Under its regulations, the Commission may issue and make an amendment immediately effective, notwithstanding the pendency before it of a request for a hearing from any person, in advance of the holding and completion of any required hearing, where it has determined that no significant hazards consideration is involved. Start Printed Page 8292

The Commission has applied the standards of 10 CFR 50.92 and has made a final determination that the amendment involves no significant hazards consideration. The basis for this determination is contained in the documents related to this action.
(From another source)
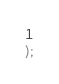<code> <loc_0><loc_0><loc_500><loc_500><_SQL_>1
);</code> 
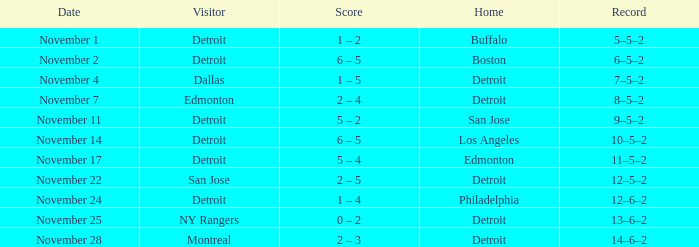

Accordingly, the amendments have been issued and made effective as indicated.

Unless otherwise indicated, the Commission has determined that these amendments satisfy the criteria for categorical exclusion in accordance with 10 CFR 51.22. Therefore, pursuant to 10 CFR 51.22(b), no environmental impact statement or environmental assessment need be prepared for these amendments. If the Commission has prepared an environmental assessment under the special circumstances provision in 10 CFR 51.12(b) and has made a determination based on that assessment, it is so indicated.

For further details with respect to the action see (1) the application for amendment, (2) the amendment to Facility Operating License, and (3) the Commission's related letter, Safety Evaluation and/or Environmental Assessment, as indicated. All of these items are available for public inspection at the Commission's Public Document Room (PDR), located at One White Flint North, Public File Area 01F21, 11555 Rockville Pike (first floor), Rockville, Maryland. Publicly available records will be accessible from the Agencywide Documents Access and Management System's (ADAMS) Public Electronic Reading Room on the Internet at the NRC Web site, http://www.nrc.gov/​reading-rm/​adams.html. If you do not have access to ADAMS or if there are problems in accessing the documents located in ADAMS, contact the PDR Reference staff at 1 (800) 397-4209, (301) 415-4737 or by e-mail to pdr@nrc.gov.

The Commission is also offering an opportunity for a hearing with respect to the issuance of the amendment. Within 60 days after the date of publication of this notice, any person(s) whose interest may be affected by this action may file a request for a hearing and a petition to intervene with respect to issuance of the amendment to the subject facility operating license. Requests for a hearing and a petition for leave to intervene shall be filed in accordance with the Commission's “Rules of Practice for Domestic Licensing Proceedings” in 10 CFR Part 2. Interested person(s) should consult a current copy of 10 CFR 2.309, which is available at the Commission's PDR, located at One White Flint North, Public File Area 01F21, 11555 Rockville Pike (first floor), Rockville, Maryland, and electronically on the Internet at the NRC Web site, http://www.nrc.gov/​reading-rm/​doc-collections/​cfr/​. If there are problems in accessing the document, contact the PDR Reference staff at 1 (800) 397-4209, (301) 415-4737, or by e-mail to pdr@nrc.gov. If a request for a hearing or petition for leave to intervene is filed by the above date, the Commission or a presiding officer designated by the Commission or by the Chief Administrative Judge of the Atomic Safety and Licensing Board Panel, will rule on the request and/or petition; and the Secretary or the Chief Administrative Judge of the Atomic Safety and Licensing Board will issue a notice of a hearing or an appropriate order.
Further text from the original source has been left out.